Following the audit, we sought the aid of data recovery specialists, and worked closely with them not only to recover the data but also to fully document the recovery process.  A detailed process for data recovery was developed that included the capture of a full audit trail of steps in the data recovery process to ensure fixity, provenance, authenticity and the chain-of custody for archival management. The data recovery project was classified into a four-stage process: step 1 – obtain bit-level disk images of all of the content on each physical carrier; step 2 – extract individual bit files from each of the physical carriers; step 3 – analyse and identify duplicate files and proprietary or complex formats; and step 4 – document the results for future archival reference and preservation processes.
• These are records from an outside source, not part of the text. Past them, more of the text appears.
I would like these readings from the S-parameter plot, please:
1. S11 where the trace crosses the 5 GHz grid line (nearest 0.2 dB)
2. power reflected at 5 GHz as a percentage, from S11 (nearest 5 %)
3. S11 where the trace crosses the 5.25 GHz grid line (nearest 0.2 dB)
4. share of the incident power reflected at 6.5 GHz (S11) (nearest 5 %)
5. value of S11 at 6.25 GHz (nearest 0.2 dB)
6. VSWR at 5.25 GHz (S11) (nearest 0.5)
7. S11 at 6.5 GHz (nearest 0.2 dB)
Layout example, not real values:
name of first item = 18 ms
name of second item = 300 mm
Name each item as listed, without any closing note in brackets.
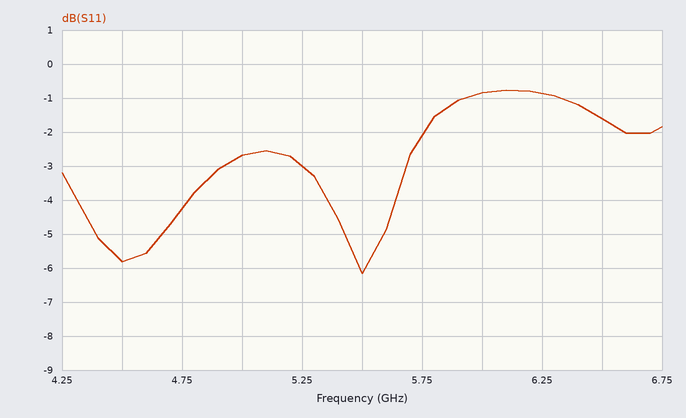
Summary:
S11 where the trace crosses the 5 GHz grid line = -2.6 dB
power reflected at 5 GHz as a percentage, from S11 = 55 %
S11 where the trace crosses the 5.25 GHz grid line = -3.0 dB
share of the incident power reflected at 6.5 GHz (S11) = 70 %
value of S11 at 6.25 GHz = -0.8 dB
VSWR at 5.25 GHz (S11) = 6.0
S11 at 6.5 GHz = -1.6 dB
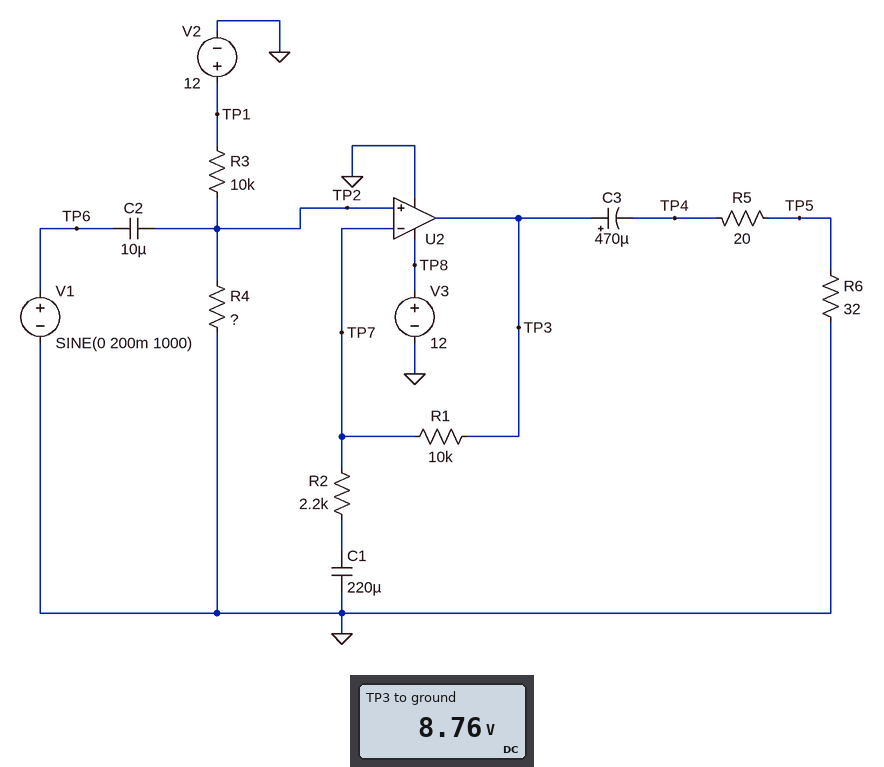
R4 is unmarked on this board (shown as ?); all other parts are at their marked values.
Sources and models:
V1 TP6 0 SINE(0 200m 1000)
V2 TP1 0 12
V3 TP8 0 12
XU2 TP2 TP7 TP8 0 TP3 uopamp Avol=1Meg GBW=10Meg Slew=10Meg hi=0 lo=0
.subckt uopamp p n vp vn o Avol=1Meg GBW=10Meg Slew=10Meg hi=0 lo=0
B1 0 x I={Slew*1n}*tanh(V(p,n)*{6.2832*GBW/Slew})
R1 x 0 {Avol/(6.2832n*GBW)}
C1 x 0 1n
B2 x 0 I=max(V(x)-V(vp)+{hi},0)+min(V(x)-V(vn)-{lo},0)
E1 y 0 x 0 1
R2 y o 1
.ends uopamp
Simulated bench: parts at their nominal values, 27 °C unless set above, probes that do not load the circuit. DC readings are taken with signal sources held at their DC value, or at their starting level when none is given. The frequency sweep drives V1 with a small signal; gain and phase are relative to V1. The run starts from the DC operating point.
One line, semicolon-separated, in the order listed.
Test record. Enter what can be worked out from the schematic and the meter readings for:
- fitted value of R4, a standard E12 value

27 kΩ
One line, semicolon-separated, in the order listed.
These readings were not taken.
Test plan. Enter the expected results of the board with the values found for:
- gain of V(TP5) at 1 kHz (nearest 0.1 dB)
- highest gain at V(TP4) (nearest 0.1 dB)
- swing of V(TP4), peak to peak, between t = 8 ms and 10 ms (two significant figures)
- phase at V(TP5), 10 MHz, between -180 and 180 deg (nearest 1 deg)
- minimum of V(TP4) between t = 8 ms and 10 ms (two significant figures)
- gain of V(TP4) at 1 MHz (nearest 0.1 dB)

10.7 dB; 14.9 dB; 2.2 V; -80 deg; -1.1 V; 13.7 dB
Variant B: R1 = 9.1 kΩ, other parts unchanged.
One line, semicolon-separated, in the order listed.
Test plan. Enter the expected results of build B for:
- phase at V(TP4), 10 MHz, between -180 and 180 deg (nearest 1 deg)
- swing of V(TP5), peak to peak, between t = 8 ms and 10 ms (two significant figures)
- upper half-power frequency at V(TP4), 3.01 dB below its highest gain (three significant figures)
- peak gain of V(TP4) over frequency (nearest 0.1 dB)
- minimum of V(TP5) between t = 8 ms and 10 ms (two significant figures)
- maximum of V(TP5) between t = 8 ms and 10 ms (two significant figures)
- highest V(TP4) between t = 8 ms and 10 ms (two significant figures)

-79 deg; 1.3 V; 1.91 MHz; 14.2 dB; -640 mV; 630 mV; 1.0 V
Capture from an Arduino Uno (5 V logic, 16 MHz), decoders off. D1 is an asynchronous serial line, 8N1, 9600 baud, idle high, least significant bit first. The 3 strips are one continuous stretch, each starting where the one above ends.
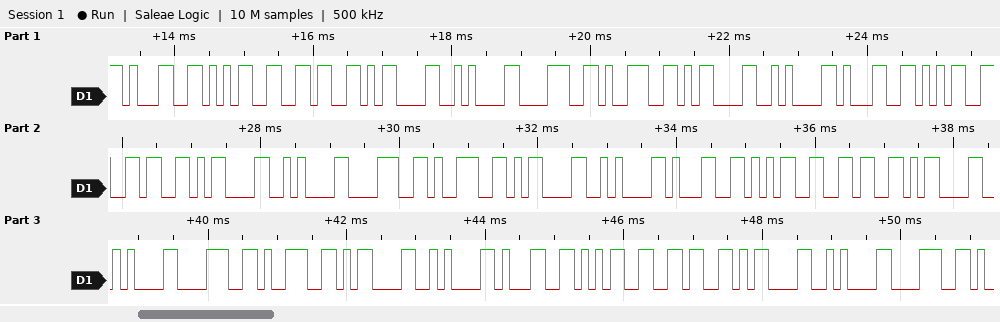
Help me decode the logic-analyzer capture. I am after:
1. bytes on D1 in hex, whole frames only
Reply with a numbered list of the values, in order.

1. 31 35 36 0D 0A 38 39 0D 0A 31 35 36 0D 0A 38 39 0D 0A 31 35 36 0D 0A 38 39 0D 0A 31 35 36 0D 0A 38
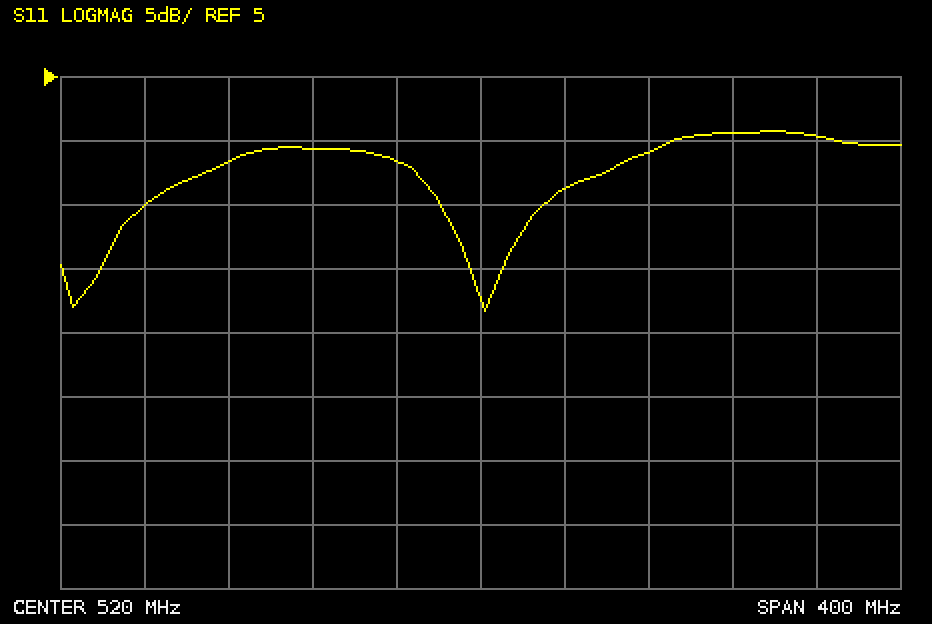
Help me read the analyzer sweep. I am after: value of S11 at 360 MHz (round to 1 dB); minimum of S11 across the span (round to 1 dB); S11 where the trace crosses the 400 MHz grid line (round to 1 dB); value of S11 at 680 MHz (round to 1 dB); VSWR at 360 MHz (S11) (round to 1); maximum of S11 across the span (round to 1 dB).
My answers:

The recovery process was surprisingly successful.  Of the 300 carriers treated, 257 (86%) achieved 100% reads in phase 1 (i.e. disk images were obtained) and 245 (82%) achieved 100% reads in phase 2 (i.e. complete digital object recovery).  Partial recovery of bit files was achieved in about 5% of cases. 

Obtaining useable copies of the bit files, for example by using rendering or interpretation software, proved more problematic.  Following some testing using InterMedia, a media and data conversion system available at the time, and text editors, the project was wound up without producing copies of the data that could be rendered for access using contemporary software.  Nevertheless, the disk images, bit files and process documentation where carefully stored and preserved, in the expectation that the project could be picked up and completed in the future.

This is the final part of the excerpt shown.